Well, after two weeks of nothing, I've decided to try again. Maybe after a break from school, I can start back and manage something somewhere near normal...maybe.

It's been two weeks now since I went to the emergency room and my ears still hurt like hell. I feel like my ear drums are gonna blow out. I wish they would, then maybe they'd stop hurting.

Bazy and Sassy are still goin at it on a regular basis with tiny Bazy kickin big ol Sassy's butt. I knew animals could be a bit dense sometimes, but Sassy's entering the realm of just plain f**kin stupid.

I have a regular head shrinker appointment now, but after three visits, I don't know if I really want to go anymore.

The first two visits were ok, giving the usual sob story of my background, blah blah blah, but this last one sucked. I don't know what happened, what I said or did, how the planets were aligned or what it was, but everything I said was turned around and thrown back at me in the form of an attack. She threw my sense of humor at me, things my mom used to say and do, she acted like some simple little, worthless letter would fix things with my dad. Half of the stuff she brought up I didn't want to work on. I know what sarcasm supposedly means and I know my dad and I have a bit of a messed f relationship sometimes, but what father and daughter don't?

I promised my mom to give it another go and try to lay out for her what I want to work on, but I dunno if I can stand up for myself enough to even do that.

I think the major issue is part of what I wanted to work on in the first place, I dont trust anyone at all. Hell, most of the time I don't even trust myself.

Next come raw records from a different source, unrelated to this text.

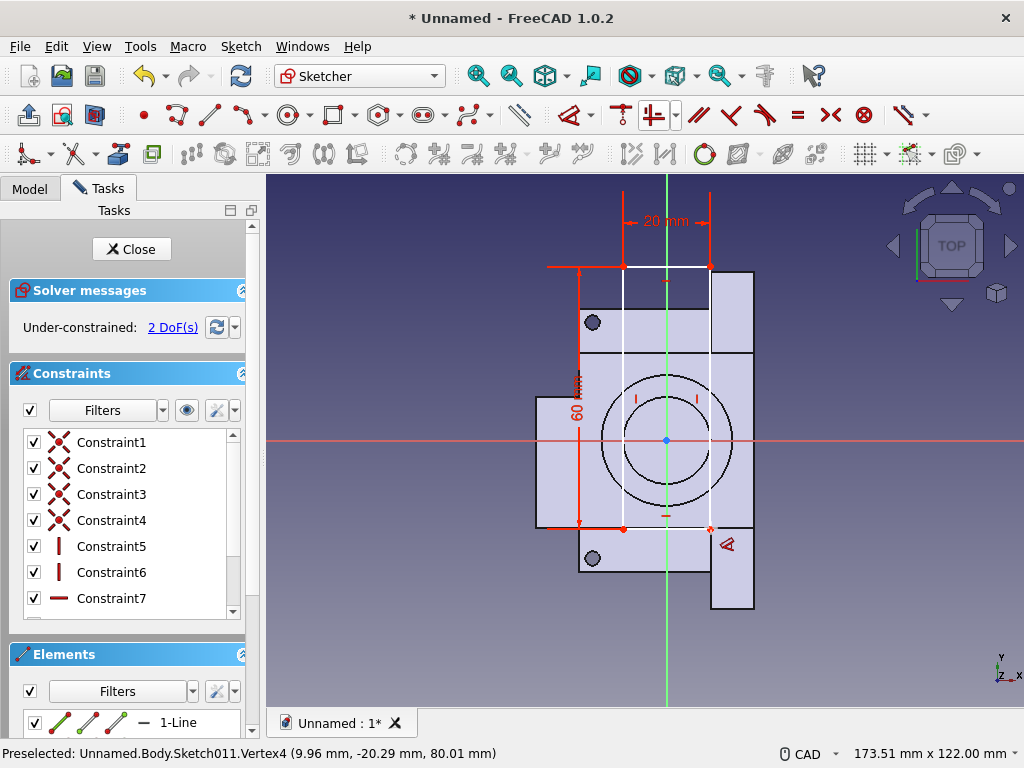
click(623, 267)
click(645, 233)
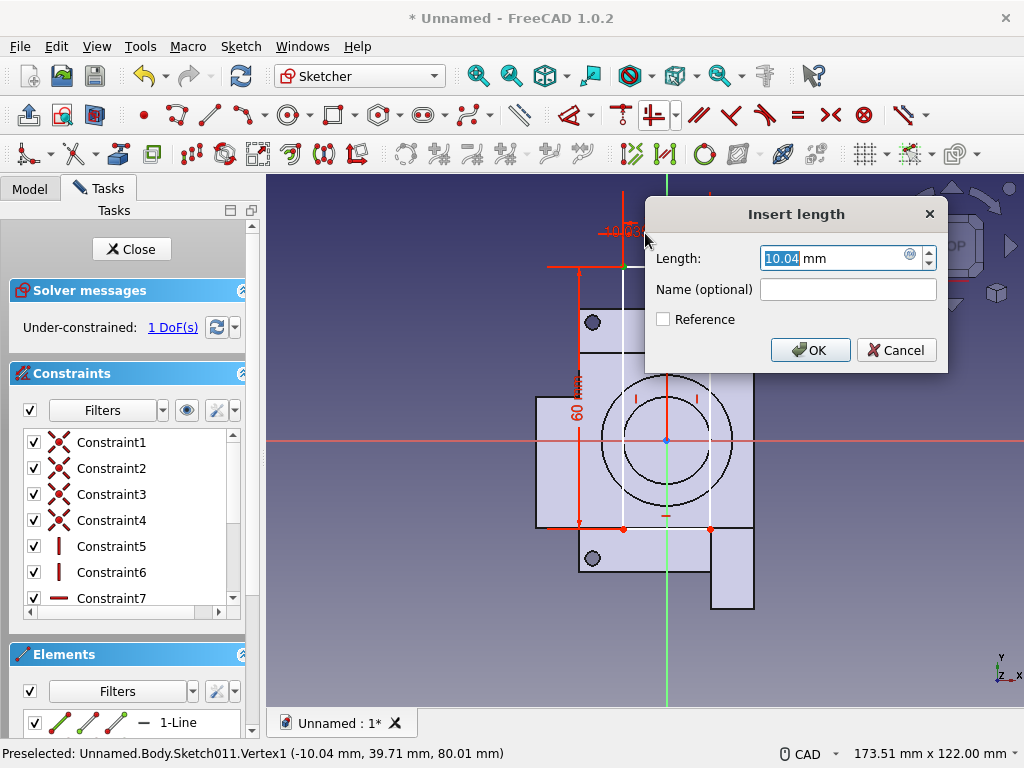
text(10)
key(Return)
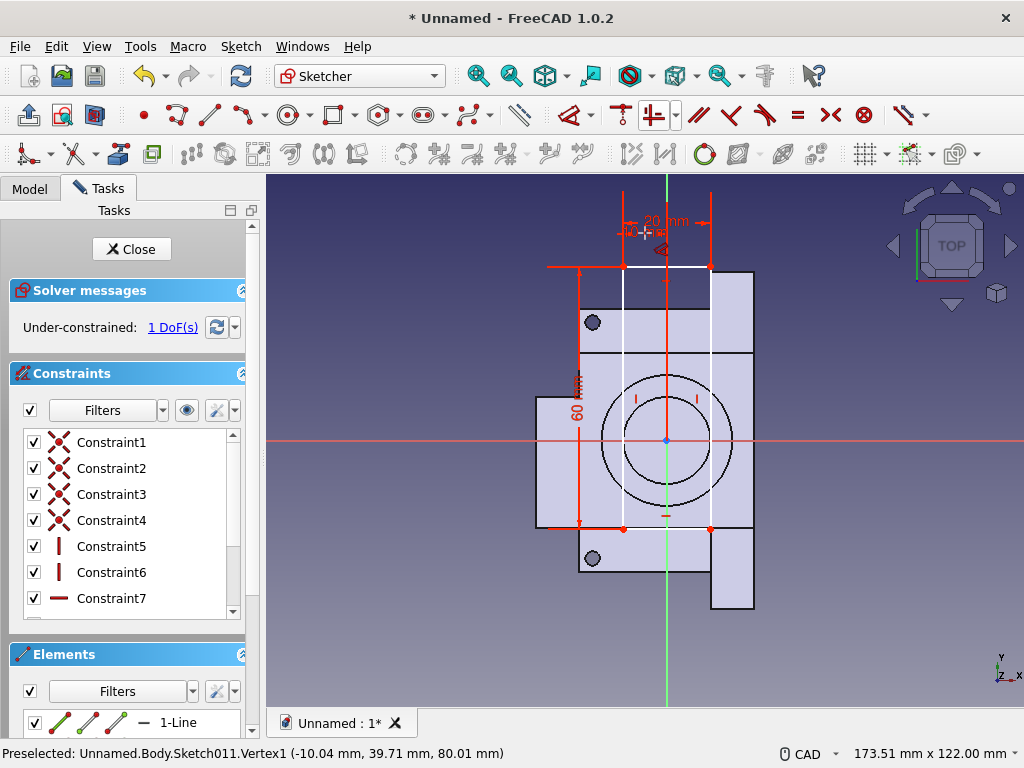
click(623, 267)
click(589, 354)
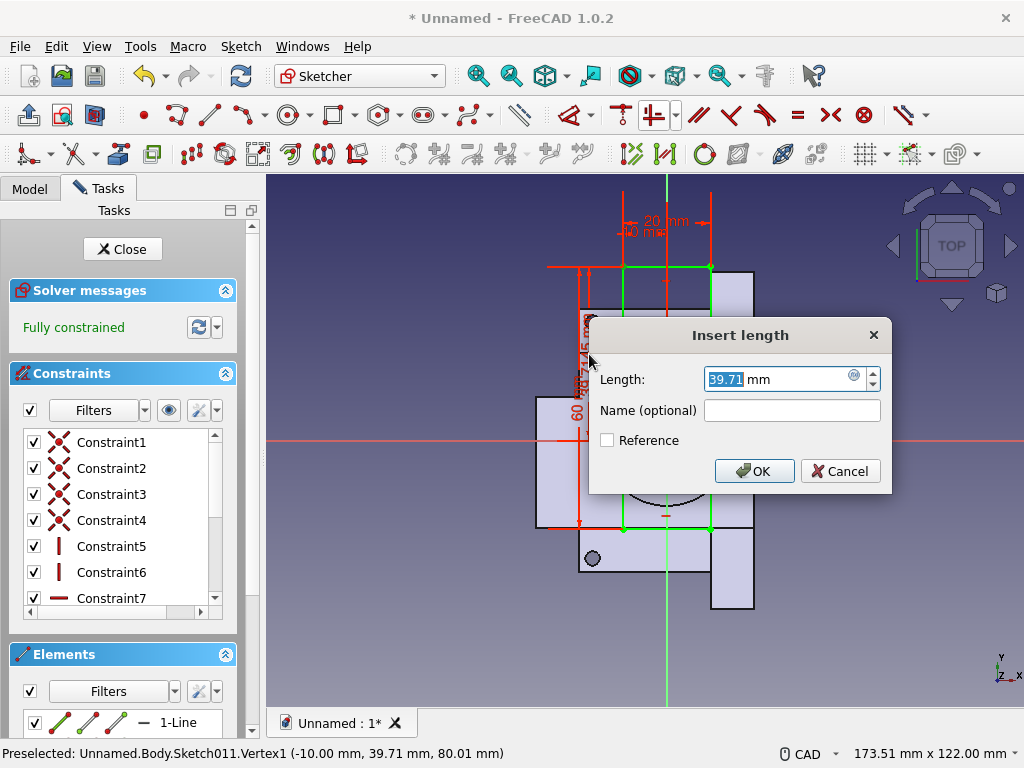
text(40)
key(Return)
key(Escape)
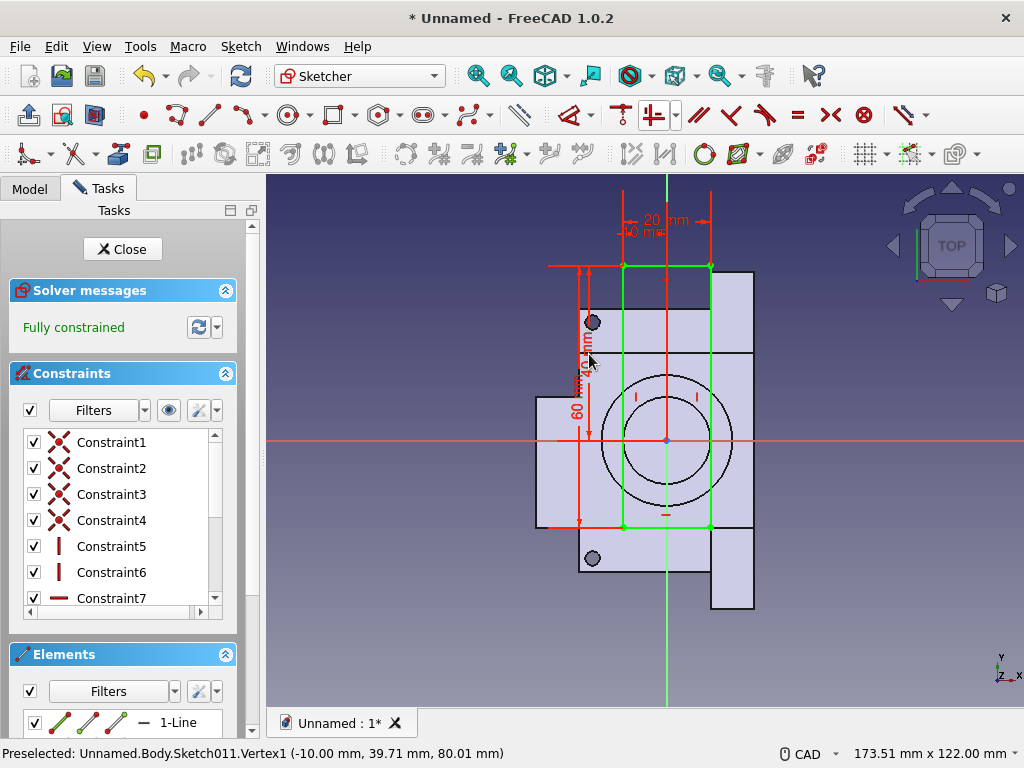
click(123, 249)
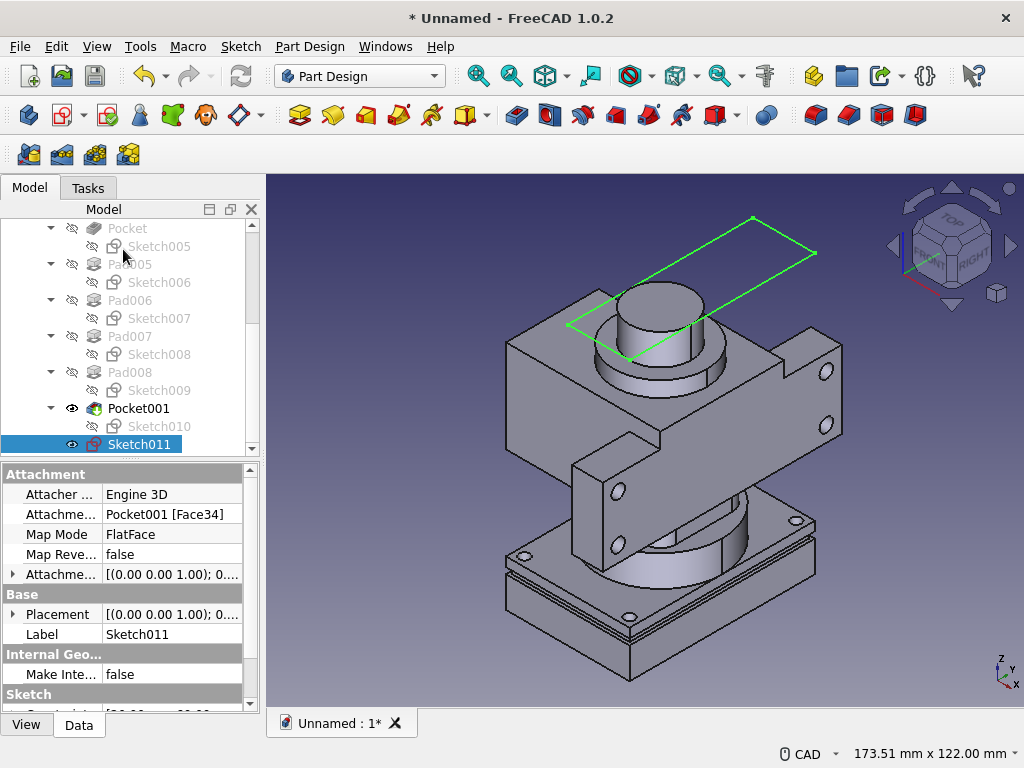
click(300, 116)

Then, to top ot all off I know that what ever say is going to be scrutinized and JUDGED. It makes me clam up even know. *sigh*

I don't know what to do anymore. I know I need help on bigger things, but I don't see why some of the little things have to be changed. Sure somethings will have to change to add up to the big picture, but why does she get to pick?

Oh well, back to my Ewan McGregor movies, I need comfort again.